For Boise literary nonprofit The Cabin, summer is the season for writing camps — week-long literary experiences where children in third through 12th grade adventure across the city and learn the art of screenwriting, poetry, fiction and visual art.

Boise State alum Hillary Colton (MFA, creative writing, 2023) began as the education programs manager at The Cabin soon after receiving her degree from Boise State. Colton facilitates The Cabin’s summer camps, helps coordinate writing workshops and runs Writers in the Schools, a program that connects teaching writers to local schools and juvenile detention centers.

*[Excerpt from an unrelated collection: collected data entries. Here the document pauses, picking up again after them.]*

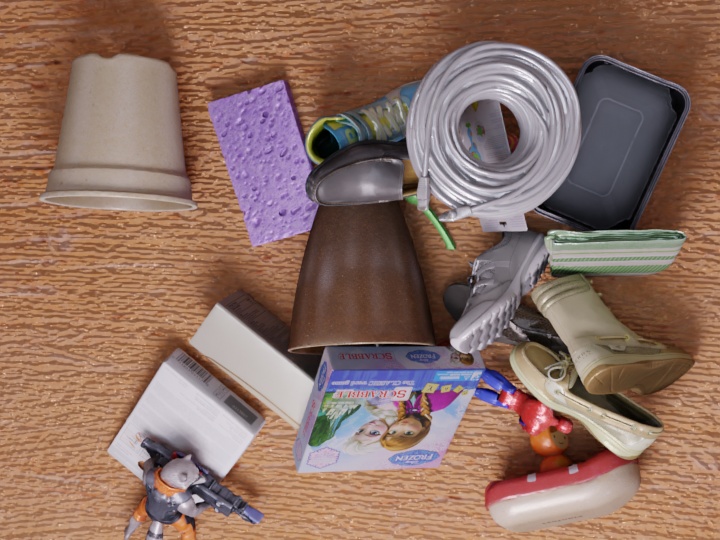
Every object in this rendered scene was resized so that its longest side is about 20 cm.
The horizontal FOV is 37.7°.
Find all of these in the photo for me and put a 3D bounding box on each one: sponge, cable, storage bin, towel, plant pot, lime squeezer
[{"bbox_3d":[-0.120,-0.141,1.396,0.111,0.030,0.201,-16,95,13],"label":"sponge"},{"bbox_3d":[0.151,-0.159,1.209,0.199,0.069,0.201,-5,90,-3],"label":"cable"},{"bbox_3d":[0.298,-0.147,1.280,0.135,0.094,0.201,24,102,7],"label":"storage bin"},{"bbox_3d":[0.296,-0.020,1.249,0.152,0.200,0.024,0,79,11],"label":"towel"},{"bbox_3d":[-0.308,-0.176,1.359,0.199,0.200,0.184,1,88,11],"label":"plant pot"},{"bbox_3d":[0.086,-0.123,1.343,0.070,0.038,0.201,11,114,28],"label":"lime squeezer"},{"bbox_3d":[0.000,0.000,1.331,0.186,0.187,0.201,-3,82,12],"label":"plant pot"}]

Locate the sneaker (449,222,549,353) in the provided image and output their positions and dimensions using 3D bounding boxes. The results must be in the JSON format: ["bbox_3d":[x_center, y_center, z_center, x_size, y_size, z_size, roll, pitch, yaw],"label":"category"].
[{"bbox_3d":[0.162,0.021,1.314,0.082,0.200,0.075,30,148,20],"label":"sneaker"}]

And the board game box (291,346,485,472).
[{"bbox_3d":[0.032,0.175,1.320,0.199,0.041,0.200,1,133,-19],"label":"board game box"}]

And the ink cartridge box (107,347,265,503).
[{"bbox_3d":[-0.246,0.230,1.483,0.162,0.057,0.200,38,124,3],"label":"ink cartridge box"}]

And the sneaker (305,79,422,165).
[{"bbox_3d":[0.021,-0.178,1.310,0.199,0.131,0.080,-26,93,12],"label":"sneaker"}]

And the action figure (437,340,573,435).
[{"bbox_3d":[0.195,0.155,1.370,0.200,0.099,0.066,28,107,29],"label":"action figure"}]

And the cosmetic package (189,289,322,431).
[{"bbox_3d":[-0.116,0.120,1.400,0.200,0.104,0.073,38,105,4],"label":"cosmetic package"}]

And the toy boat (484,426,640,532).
[{"bbox_3d":[0.253,0.253,1.352,0.199,0.131,0.131,-15,67,13],"label":"toy boat"}]

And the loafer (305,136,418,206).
[{"bbox_3d":[0.033,-0.115,1.258,0.199,0.072,0.073,-19,128,-16],"label":"loafer"}]

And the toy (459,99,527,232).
[{"bbox_3d":[0.171,-0.151,1.310,0.047,0.115,0.201,-19,98,-18],"label":"toy"}]

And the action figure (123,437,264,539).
[{"bbox_3d":[-0.241,0.331,1.440,0.199,0.105,0.194,26,128,14],"label":"action figure"}]

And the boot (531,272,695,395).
[{"bbox_3d":[0.313,0.077,1.308,0.073,0.199,0.156,-58,47,34],"label":"boot"}]

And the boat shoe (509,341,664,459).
[{"bbox_3d":[0.275,0.147,1.291,0.200,0.073,0.063,40,132,10],"label":"boat shoe"}]

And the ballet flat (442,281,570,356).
[{"bbox_3d":[0.201,0.066,1.362,0.199,0.046,0.068,23,124,13],"label":"ballet flat"}]
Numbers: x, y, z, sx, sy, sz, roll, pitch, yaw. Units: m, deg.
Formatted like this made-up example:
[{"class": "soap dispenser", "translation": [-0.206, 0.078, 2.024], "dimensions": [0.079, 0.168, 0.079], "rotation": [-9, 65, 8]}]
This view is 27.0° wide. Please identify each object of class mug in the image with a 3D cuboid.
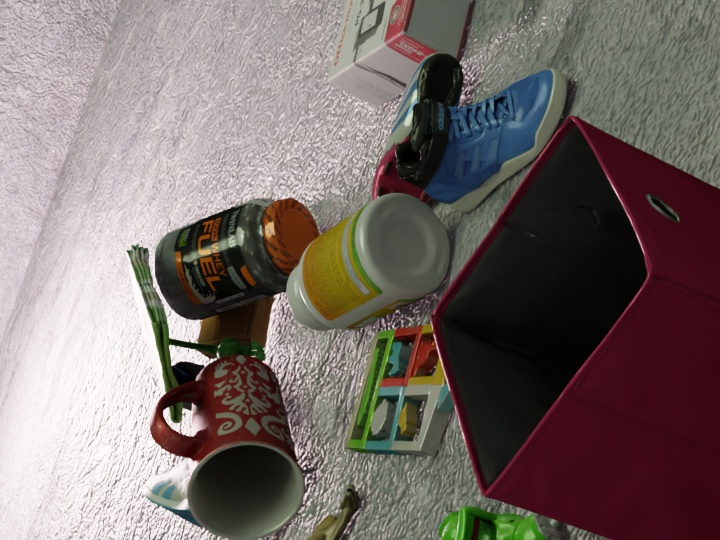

A key feature of Boise State’s creative writing MFA program allows students to teach one writing class per semester to undergraduates. Colton said her experiences as both a student and a teacher at Boise State prepared her to lead The Cabin’s educational efforts.

“Boise State’s MFA program allowed me to live a creative lifestyle and to encourage one to my undergraduate students, which I believe forces a person to foster empathy and think critically about the world,” Colton said.

Double alum Cassie Woodard (BFA, creative writing, 2022; MFA, creative writing, 2025) has also translated her skills from campus to camps. A teaching writer for The Cabin since 2023, Woodard is passionate about fostering playfulness in young writers. She hopes her campers fall in love with writing as a fluid art form.

“A lot of times, if you give kids a prompt without additional scaffolding, they get paralyzed because they’re more worried about making sure they get a good grade or doing it correctly than they are about getting to fully explore,” Woodard said. “It’s fun to be like, ‘Okay, what’s the silliest thing we can do right now?’ as a way to get them to laugh at the process of writing and how fun and silly it can be.”

Colton’s favorite camp is “Picture This,” which mixes creative writing with visual art. The camp culminates in a gallery where friends and family can walk around admiring the campers’ artwork. Campers proudly stand next to their work to answer questions and share their process. Every year, as Colton walks through the gallery, she is elated to see not only the work the campers create, but the accomplishment they feel.

“It can be life-changing to have someone encourage you to keep going with your art,” Colton said. “I believe it takes one person, and I love to think we are making that encouragement more accessible with our camps. Creating is a lifestyle, and art is for life. It doesn’t have to be your whole life, but I hope the kids who come through here feel the transformative power of creation.”